• _HOW TO COMPLETE THIS TASK_: Exactly the lines from the one containing "<code> <loc_0><loc_0><loc_500><loc_500><_Haskell_>" through the end of the records must be reproduced; leave out all pictures.

___ DATA RECORDS

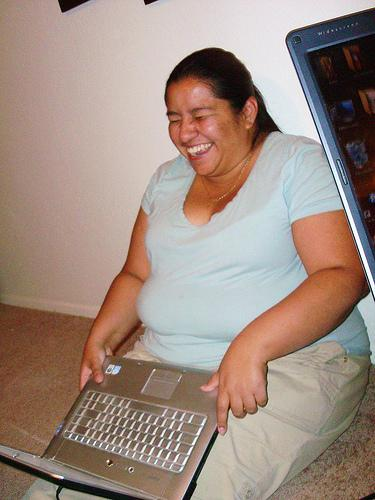Mention the primary individual in the image and their activity. A woman with brown hair, wearing a light blue shirt, is sitting on a beige carpeted floor, holding a silver laptop in her lap and smiling. Quickly summarize the key person in the image and their main action. Woman with brown hair sits on carpet, holding silver laptop, and laughing. In one sentence, describe the main person in the image and what they are doing. The image shows a woman with brown hair sitting on a beige carpet, holding a silver laptop, laughing, and enjoying herself. Identify the central character in the image and their current activity. The central character is a woman with dark hair, sitting on a carpet, holding a silver laptop, and laughing joyfully. Write a brief sentence about the central person in the picture and their action. A slightly overweight woman with dark hair is sitting on the floor, laughing and holding a silver laptop. What is the main focus of the image and what are they engaged in? The image focuses on a woman with dark-colored hair who is sitting on a tan carpet, holding a gray laptop, and laughing. Write a concise description of the primary person in the picture and their involvement. A woman with dark hair is seated on a light brown floor, holding a gray laptop, and laughing in a jovial manner. Describe the primary figure in the image and their engagement. The primary figure is an overweight woman with dark hair, sitting on a tan carpet, holding a silver laptop, and smiling with her eyes closed. Who is the prominent figure in the picture and what are they occupied with? The prominent figure is a woman with dark hair, sitting on a light brown floor, holding a silver laptop, and happily laughing. State the subject of the image and what they appear to be doing. The subject of the image is a woman with brown hair, who is sitting on a beige floor, holding a silver-colored laptop, and smiling. 
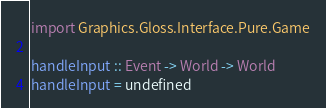<code> <loc_0><loc_0><loc_500><loc_500><_Haskell_>
import Graphics.Gloss.Interface.Pure.Game

handleInput :: Event -> World -> World
handleInput = undefined
</code>

______

• _EXERCISE SOLUTION_:
<code> <loc_0><loc_0><loc_500><loc_500><_Haskell_>
import Graphics.Gloss.Interface.Pure.Game

handleInput :: Event -> World -> World
handleInput = undefined
</code>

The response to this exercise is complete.